Several studies show that soup eaters end up weighing less than those who don’t eat much soup, according to Penn State nutrition professor Barbara Rolls, co-author of “Volumetrics: Feel Full on Fewer Calories.”
“Incorporating soups into a weight-management plan can really help save calories,” she notes. She also likes it as a snack: “When you get the munchies, it’s much better to have some soup than to go to the candy machine.”
Soup Studies
The soup effect has been demonstrated again and again over the past 30 years:
• In a 1980s University of Pennsylvania study, 500 people in a weight-loss program noted each meal they ate for 10 weeks. Some were told to eat soup at least four times a week. The soup eaters ate fewer calories — on average, 100 less per day — and lost the most weight.
• In a Baylor University College of Medicine study, Dr. John Foreyt asked a group of overweight men and women on a low-calorie diet to eat soup every day. They liked it — and were better able to maintain their weight loss than non-soup-eaters.
• At Penn State, Dr. Rolls’ group gave women a 270-calorie first course before lunch. Some got chicken-rice casserole, others got the casserole plus 10 ounces of water. A third group received chicken-rice soup made from the casserole ingredients plus the water. Soup eaters took in about 100 calories fewer at the meal — and they didn’t eat more at dinner.
• In her latest studies, Rolls and colleagues found that the hunger-suppressing benefits of soup last a full two hours.
• In Paris, researchers at the Laboratory of the Neurobiology of Nutrition confirmed that water with a meal doesn’t affect how full people feel — but having the same ingredients as soup does.
Is Soup Unique? Not At All
Eat any filling, low-calorie food as an appetizer or first course, and you’ll likely make it easier to consume fewer calories at that meal. It’s a kind of preemptive eating strategy. Make substitutions you like, ones that can become part of your life.
• Eat an apple or an orange before you go to lunch.
• Order melon as a first course.
• Start with a simple salad of baby spinach leaves and grapefruit segments.
• When you go to the salad bar, fill up your plate with “big” foods like dark leafy greens and vegetables, before going back for more calorically dense choices.

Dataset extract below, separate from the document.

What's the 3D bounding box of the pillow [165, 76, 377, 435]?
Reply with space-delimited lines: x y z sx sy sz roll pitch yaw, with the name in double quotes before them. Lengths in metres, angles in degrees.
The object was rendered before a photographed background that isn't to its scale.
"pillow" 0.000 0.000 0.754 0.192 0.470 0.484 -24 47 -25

Find Creative Ways to Add More Veggies
• When making pasta sauce, limit the meat and add another onion and a chopped bell pepper or two. Or stir a couple handfuls of baby spinach in at the end of cooking.
• Add diced cooked sweet potato or green peas to pilafs or noodle dishes.
• When cooking a favorite stir-fry, double the vegetable quantity and cut the meat by half.
• Add corn kernels to chili or burrito fillings.
Soup + Walking = 20 Fewer Pounds
“Small changes make a big difference,” says John Foreyt, Ph.D., director of the nutrition research clinic at Baylor University’s College of Medicine in Houston. “For many people, small changes over time are more sensible and more effective than big changes. I like the 100/100 rule,” he says. “Eat 100 calories less tomorrow, and expend an extra 100 calories in physical activity, such as 20 minutes of walking.” In the course of a year, he notes, such a change may make a difference of 20 pounds.